Thanks for your responses; your issue makes a lot more sense to me now. The short answer is "the reason there are dupes in your XML export is becuase there are dupes in the source English XML that I believe was exported from your content management system." Here's a screenshot:

The only way to get those translations back into your INDD, right now, is by getting a good translation of the XML, with or without dupes, or by manually copying and pasting each string from the Word doc to the InDesign spreads.
Here's the long version:
Your organization already had a translation workflow in place, and so I think you were following instructions when you exported XML instead of IDML. That makes sense, especially since it's clear that the EN doc is all tagged up for an XML worklow. If that's the case, is your vendor a firm (or person) who has done work for your organization before? If so, they're probably used to working with your XML output. So it'd be weird, for them, to get Word instead of XML. They must have seen the dupes in your XML output and said to you "Hey, there are dupes in here!

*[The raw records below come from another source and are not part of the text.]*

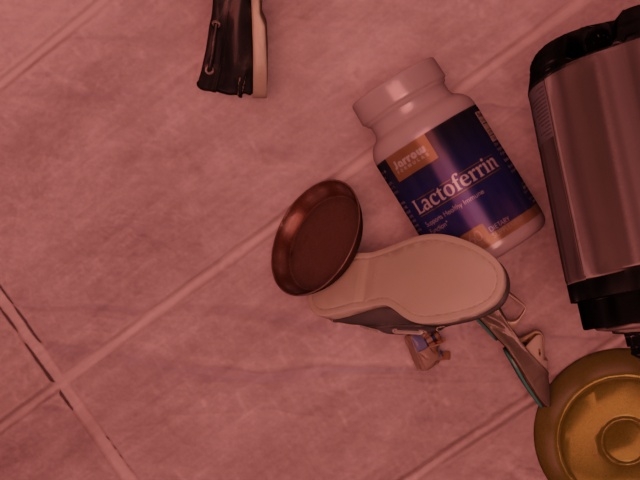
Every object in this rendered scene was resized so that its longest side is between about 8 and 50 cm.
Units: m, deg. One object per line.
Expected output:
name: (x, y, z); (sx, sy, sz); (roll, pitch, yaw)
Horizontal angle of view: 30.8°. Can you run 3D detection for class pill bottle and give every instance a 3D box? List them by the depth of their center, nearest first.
pill bottle: (0.162, -0.095, 1.511); (0.153, 0.153, 0.264); (-32, 89, 11)

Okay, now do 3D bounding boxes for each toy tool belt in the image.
toy tool belt: (0.144, 0.134, 1.593); (0.051, 0.052, 0.083); (-24, 95, -20)

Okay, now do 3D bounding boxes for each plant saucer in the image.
plant saucer: (0.408, 0.266, 1.561); (0.241, 0.037, 0.240); (1, 96, 9)
plant saucer: (0.000, 0.000, 1.565); (0.029, 0.168, 0.168); (28, 103, -38)

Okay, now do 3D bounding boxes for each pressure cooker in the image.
pressure cooker: (0.445, -0.047, 1.342); (0.376, 0.370, 0.420); (-15, 81, 37)

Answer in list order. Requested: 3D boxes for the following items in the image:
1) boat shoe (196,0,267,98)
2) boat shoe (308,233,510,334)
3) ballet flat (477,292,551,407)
boat shoe: (-0.132, -0.358, 1.550); (0.113, 0.127, 0.340); (-3, 104, -2)
boat shoe: (0.125, 0.066, 1.489); (0.319, 0.099, 0.116); (-7, 64, 46)
ballet flat: (0.260, 0.125, 1.556); (0.068, 0.072, 0.213); (-37, 88, 7)
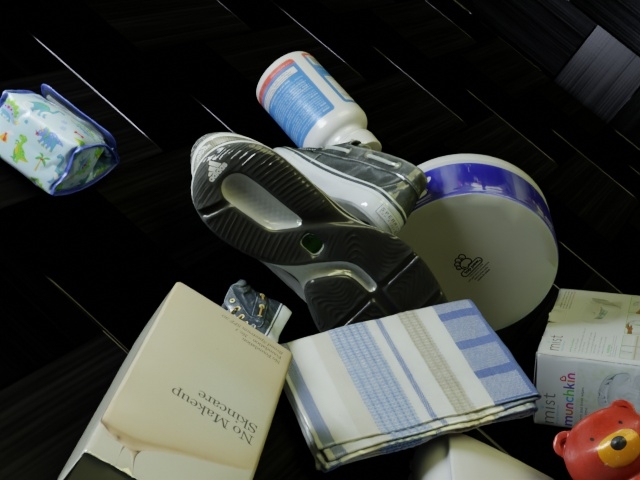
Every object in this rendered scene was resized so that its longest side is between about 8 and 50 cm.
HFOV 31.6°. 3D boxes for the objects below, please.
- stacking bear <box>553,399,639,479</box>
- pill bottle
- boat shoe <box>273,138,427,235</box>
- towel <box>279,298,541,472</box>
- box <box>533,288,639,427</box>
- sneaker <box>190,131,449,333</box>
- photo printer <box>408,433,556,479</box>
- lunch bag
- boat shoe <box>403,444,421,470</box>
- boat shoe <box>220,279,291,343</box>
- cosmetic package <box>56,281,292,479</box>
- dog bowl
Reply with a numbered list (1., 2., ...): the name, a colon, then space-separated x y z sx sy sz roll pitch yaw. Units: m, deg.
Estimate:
1. stacking bear: 0.378 0.317 1.260 0.289 0.175 0.164 60 2 24
2. pill bottle: 0.000 -0.206 1.912 0.124 0.124 0.221 -3 47 -51
3. boat shoe: 0.040 -0.086 1.652 0.335 0.119 0.121 27 -25 52
4. towel: 0.097 0.169 1.372 0.285 0.034 0.209 -13 40 -16
5. box: 0.457 0.180 1.719 0.231 0.126 0.262 4 21 18
6. sneaker: 0.000 -0.001 1.543 0.447 0.169 0.257 43 5 -21
7. photo printer: 0.220 0.380 1.259 0.256 0.107 0.307 30 28 -14
8. lunch bag: -0.336 -0.129 1.443 0.129 0.096 0.151 37 13 7
9. boat shoe: 0.119 0.256 1.414 0.206 0.075 0.065 40 69 -4
10. boat shoe: -0.096 0.110 1.373 0.083 0.065 0.183 35 20 -3
11. cosmetic package: -0.144 0.190 1.134 0.160 0.113 0.309 32 26 -8
12. dog bowl: 0.212 0.010 1.662 0.265 0.265 0.104 27 31 -18
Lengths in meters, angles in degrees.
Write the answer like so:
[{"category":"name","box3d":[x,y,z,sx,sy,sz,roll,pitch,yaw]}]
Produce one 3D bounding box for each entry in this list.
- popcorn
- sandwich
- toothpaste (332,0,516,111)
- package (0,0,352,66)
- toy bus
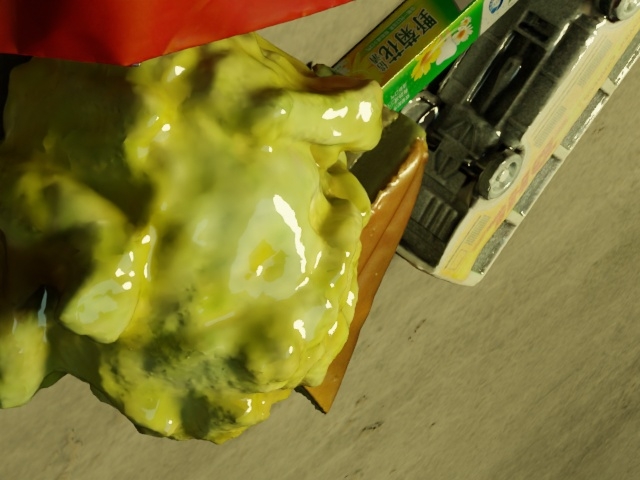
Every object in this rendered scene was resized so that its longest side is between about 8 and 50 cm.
[{"category":"popcorn","box3d":[-0.080,-0.015,0.867,0.255,0.195,0.256,-21,108,-4]},{"category":"sandwich","box3d":[0.000,0.000,1.100,0.187,0.117,0.144,-51,152,-4]},{"category":"toothpaste","box3d":[0.078,-0.149,1.116,0.178,0.043,0.037,-43,146,-14]},{"category":"package","box3d":[0.007,-0.221,0.765,0.424,0.123,0.196,-19,132,-18]},{"category":"toy bus","box3d":[0.166,-0.124,1.205,0.342,0.097,0.138,-55,151,7]}]

Please fix and resend." At which point the best thing to do would have been to figure out the cause of the dupes and fix them, in order to send them correct XML.
Those duplicated strings are clearly in the English XML. I am not sure how your document came to be, but it sure looks like someone (a tech writer) exported an XML file from some sort of content management system, which was then imported into an InDesign Template, whereupon someone (you?) populated the document with the XML English content. The massive number of unused elements most likely results from the XML-creation stage, long before said XML was imported into InDesign.
I suspect that you have instructions on how to get that translated XML back into your English source document, yes? It'd be something like:
a) Click File -> Import XML
b) Choose... I dunno? I suspect that you're supposed to see this menu, which you get by clicking Show XML Import Options at the Import XML file picker dialog.

I withdraw my advice that you should find a new provider right away. If you sent them Word docs, then they should reasonably return Word docs. If they've worked with your org before and expect XML, I have an idea about what might have happened on their side, I've been in their shoes before.
Me: "Um, hey boss? This is weird. Client sent Word instead of XML this time."
Boss: "Must be the new guy. Did he say anything about it?"
Me: "No, just sent me Word docs without comment."
Boss: "Okay, process 'em and send 'em back as Word docs."
Me: "Isn't that going to break their workflow?"
Boss: "Yup."
Me: "New guy is going to have to copy and paste each string by hand?"
Boss: "Yup."
Me: ".... okay, boss, will do."
So, I think that is where you are. You have all the strings in Word, and would have to copy in bits by hand. That will be extremely time-consuming, and error-prone. I imagine you'd have to be very careful to leave each XML tag as-is. That is because I suspect that there is need for that document to have properly tagged XML downstream from you. If I'm wrong, and it's going to print only, then you don't techincally need all of those tags. I can't guess, though.
I do think it's clear that you don't need those dupes to be translated. What I'd do is delete the unused content from the Structure panel, re-export XML, and re-send to the vendor. Here's a little GIF showing what I'd do; I would shift-select the dupes and trash 'em all at once.

It'd be better if you could go back to the vendor, say "Can you re-apply your translation memory to the fixed XML I've attached here, and deliver the translated XML back to me?" They'd most likely say "Sure, that's just a minimum charge." No new translation should be necessary, if they've already translated that content in your Word file. That would be the best-case scenario (it assumes that they're capturing translations in a translation memory). If you can get that file from your vendor (assuming you can get the money for the vendor to do their jobs again, then it should be simple to Import that XML and Replace the old content with the new content.
(There is a third way, but I don't advise it for you. It's what I would do: I'd fix and re-export my XML, then I would take my source English doc and the vendor's Portuguese Word doc and perform an alignment; put each pair of strings into a translation memory database. Then I'd apply that database to my cleaned XML, and re-import the Portuguese XML into InDesign. However, for that, you kinda have to be a localization nerd who already has some kind of translation memory tool, and the capacity to kinda read Portuguese so you can peform a good alignment. I'd do that, because I am already that localization nerd, and already have the translation tech environment, and I read enough Spanish to feel confident in reading technical Portuguese. That work is what I'm speculating your vendor would want to charge you a minimum charge to perform.)